• [PROBLEM] Transcribe exactly, leaving out pictures, the lines from the one that holds "3D box target: the mug" through the end of the data below, including both end lines and no others.

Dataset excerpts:
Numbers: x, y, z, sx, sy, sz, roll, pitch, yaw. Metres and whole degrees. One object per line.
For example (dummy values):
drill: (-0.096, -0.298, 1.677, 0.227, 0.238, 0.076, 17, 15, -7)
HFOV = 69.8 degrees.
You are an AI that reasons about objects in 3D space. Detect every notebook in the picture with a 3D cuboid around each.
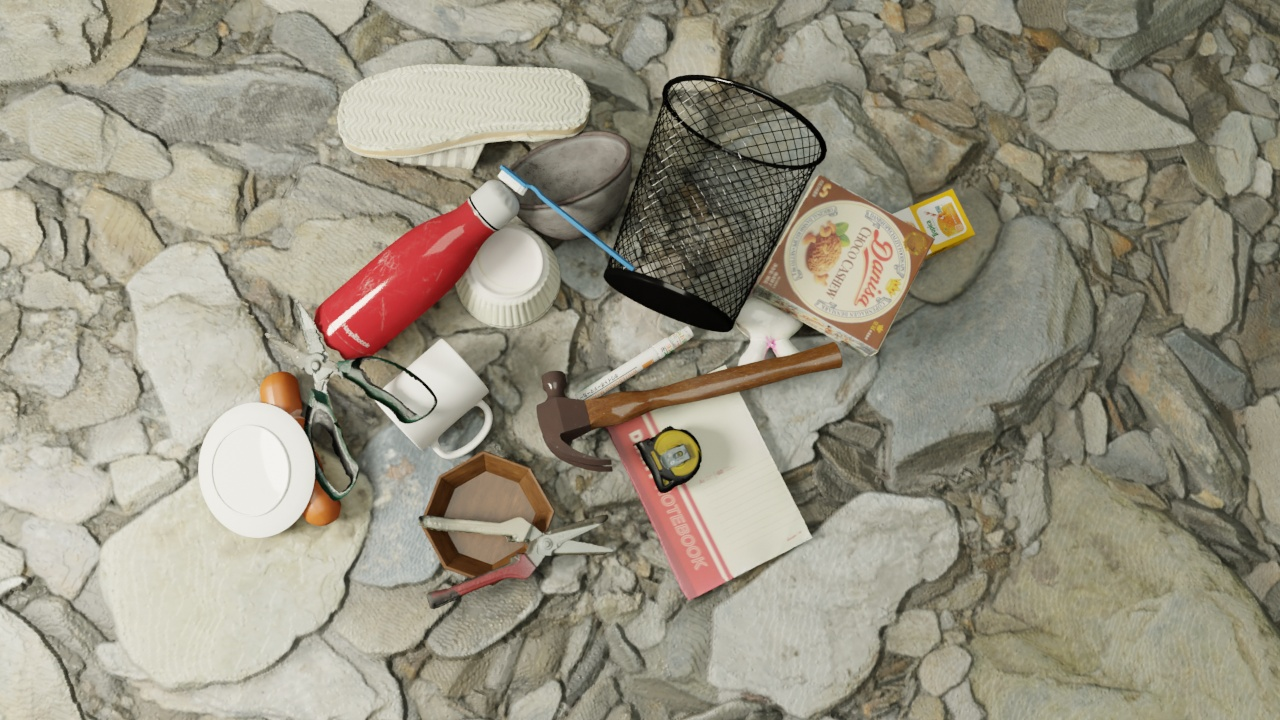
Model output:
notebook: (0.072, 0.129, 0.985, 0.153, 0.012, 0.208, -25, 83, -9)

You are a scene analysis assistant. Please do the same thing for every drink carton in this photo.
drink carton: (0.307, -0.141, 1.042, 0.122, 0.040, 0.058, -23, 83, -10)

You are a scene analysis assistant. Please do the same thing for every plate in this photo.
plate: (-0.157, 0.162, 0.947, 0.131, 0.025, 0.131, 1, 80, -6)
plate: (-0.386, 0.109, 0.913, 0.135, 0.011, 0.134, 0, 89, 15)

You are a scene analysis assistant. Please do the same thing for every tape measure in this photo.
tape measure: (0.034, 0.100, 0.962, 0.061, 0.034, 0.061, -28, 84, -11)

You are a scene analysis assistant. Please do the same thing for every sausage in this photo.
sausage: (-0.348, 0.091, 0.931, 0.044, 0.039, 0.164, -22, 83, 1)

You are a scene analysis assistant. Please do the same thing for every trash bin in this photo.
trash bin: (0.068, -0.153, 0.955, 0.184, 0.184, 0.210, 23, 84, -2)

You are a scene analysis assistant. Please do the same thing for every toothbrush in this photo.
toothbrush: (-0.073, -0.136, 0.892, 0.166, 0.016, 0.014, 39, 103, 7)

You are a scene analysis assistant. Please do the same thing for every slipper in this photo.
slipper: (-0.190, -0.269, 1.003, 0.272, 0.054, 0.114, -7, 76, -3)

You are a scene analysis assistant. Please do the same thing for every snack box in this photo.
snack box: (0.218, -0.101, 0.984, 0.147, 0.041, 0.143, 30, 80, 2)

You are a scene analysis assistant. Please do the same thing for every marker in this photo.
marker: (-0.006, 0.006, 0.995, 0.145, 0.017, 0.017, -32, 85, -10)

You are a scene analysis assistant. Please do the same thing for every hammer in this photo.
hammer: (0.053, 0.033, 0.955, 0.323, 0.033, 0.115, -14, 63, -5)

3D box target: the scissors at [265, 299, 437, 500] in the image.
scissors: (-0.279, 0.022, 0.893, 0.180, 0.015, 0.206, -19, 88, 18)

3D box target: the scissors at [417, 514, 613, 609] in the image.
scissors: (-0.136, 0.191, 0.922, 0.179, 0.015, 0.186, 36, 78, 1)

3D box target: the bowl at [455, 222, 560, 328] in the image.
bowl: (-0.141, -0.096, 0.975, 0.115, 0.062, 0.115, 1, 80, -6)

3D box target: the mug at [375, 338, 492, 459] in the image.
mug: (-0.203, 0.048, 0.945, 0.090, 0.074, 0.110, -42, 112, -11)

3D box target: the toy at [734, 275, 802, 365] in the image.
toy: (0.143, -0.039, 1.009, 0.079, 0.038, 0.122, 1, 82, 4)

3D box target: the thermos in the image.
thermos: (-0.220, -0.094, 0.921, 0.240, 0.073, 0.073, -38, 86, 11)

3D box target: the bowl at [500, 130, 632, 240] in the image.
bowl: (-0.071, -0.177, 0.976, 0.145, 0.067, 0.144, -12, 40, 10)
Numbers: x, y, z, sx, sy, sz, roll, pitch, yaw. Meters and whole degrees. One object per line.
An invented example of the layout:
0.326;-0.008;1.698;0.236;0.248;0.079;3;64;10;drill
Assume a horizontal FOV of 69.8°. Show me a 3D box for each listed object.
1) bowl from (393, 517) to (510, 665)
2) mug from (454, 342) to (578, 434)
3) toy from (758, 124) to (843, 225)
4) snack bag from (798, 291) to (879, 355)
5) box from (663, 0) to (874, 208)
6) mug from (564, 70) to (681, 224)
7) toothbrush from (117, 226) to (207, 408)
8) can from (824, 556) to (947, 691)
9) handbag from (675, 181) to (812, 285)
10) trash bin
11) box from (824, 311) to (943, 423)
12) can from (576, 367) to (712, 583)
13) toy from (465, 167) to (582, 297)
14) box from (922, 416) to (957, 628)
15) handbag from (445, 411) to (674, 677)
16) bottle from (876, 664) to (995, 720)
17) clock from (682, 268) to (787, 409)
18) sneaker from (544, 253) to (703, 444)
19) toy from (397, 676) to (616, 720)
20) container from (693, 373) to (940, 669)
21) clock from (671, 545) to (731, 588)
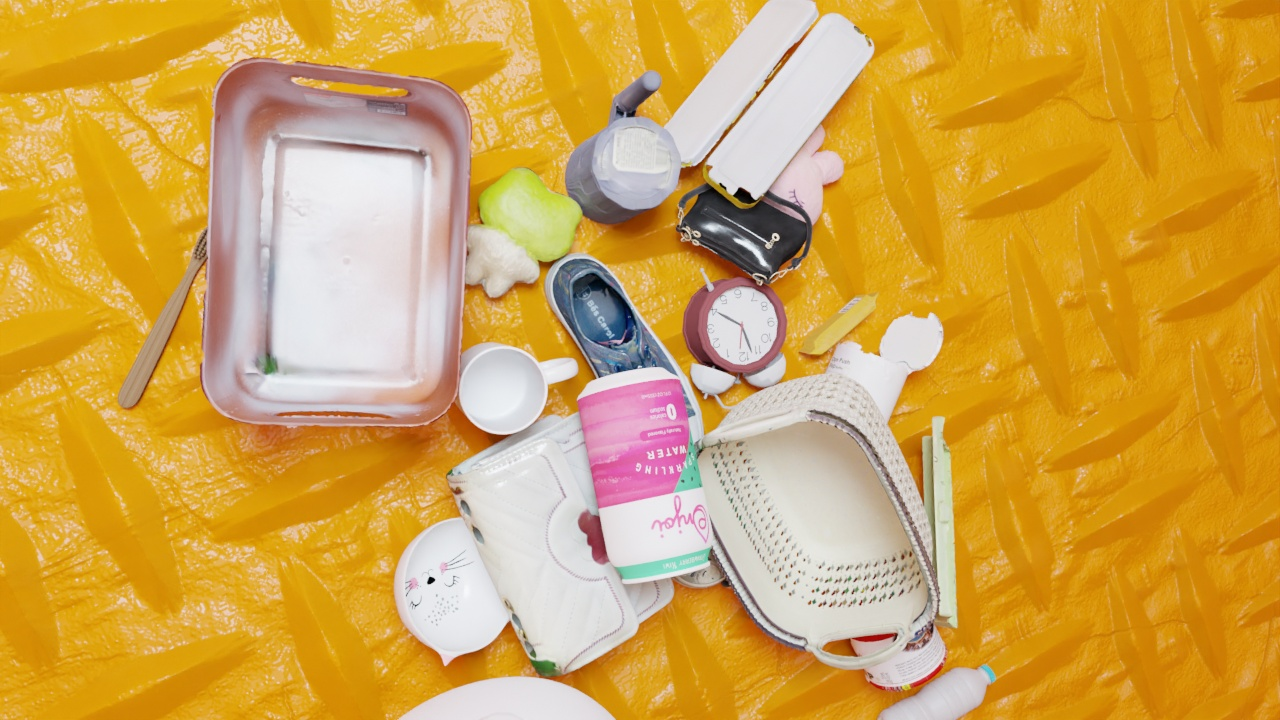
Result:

• [SOLUTION TO THIS PROBLEM]
3D box target: the mug at [375, 338, 492, 459] in the image.
mug: (-0.203, 0.048, 0.945, 0.090, 0.074, 0.110, -42, 112, -11)

3D box target: the toy at [734, 275, 802, 365] in the image.
toy: (0.143, -0.039, 1.009, 0.079, 0.038, 0.122, 1, 82, 4)

3D box target: the thermos in the image.
thermos: (-0.220, -0.094, 0.921, 0.240, 0.073, 0.073, -38, 86, 11)

3D box target: the bowl at [500, 130, 632, 240] in the image.
bowl: (-0.071, -0.177, 0.976, 0.145, 0.067, 0.144, -12, 40, 10)
Numbers: x, y, z, sx, sy, sz, roll, pitch, yaw. Meters and whole degrees. One object per line.
An invented example of the layout:
0.326;-0.008;1.698;0.236;0.248;0.079;3;64;10;drill
Assume a horizontal FOV of 69.8°. Show me a 3D box for each listed object.
1) bowl from (393, 517) to (510, 665)
2) mug from (454, 342) to (578, 434)
3) toy from (758, 124) to (843, 225)
4) snack bag from (798, 291) to (879, 355)
5) box from (663, 0) to (874, 208)
6) mug from (564, 70) to (681, 224)
7) toothbrush from (117, 226) to (207, 408)
8) can from (824, 556) to (947, 691)
9) handbag from (675, 181) to (812, 285)
10) trash bin
11) box from (824, 311) to (943, 423)
12) can from (576, 367) to (712, 583)
13) toy from (465, 167) to (582, 297)
14) box from (922, 416) to (957, 628)
15) handbag from (445, 411) to (674, 677)
16) bottle from (876, 664) to (995, 720)
17) clock from (682, 268) to (787, 409)
18) sneaker from (544, 253) to (703, 444)
19) toy from (397, 676) to (616, 720)
20) container from (693, 373) to (940, 669)
21) clock from (671, 545) to (731, 588)
Result:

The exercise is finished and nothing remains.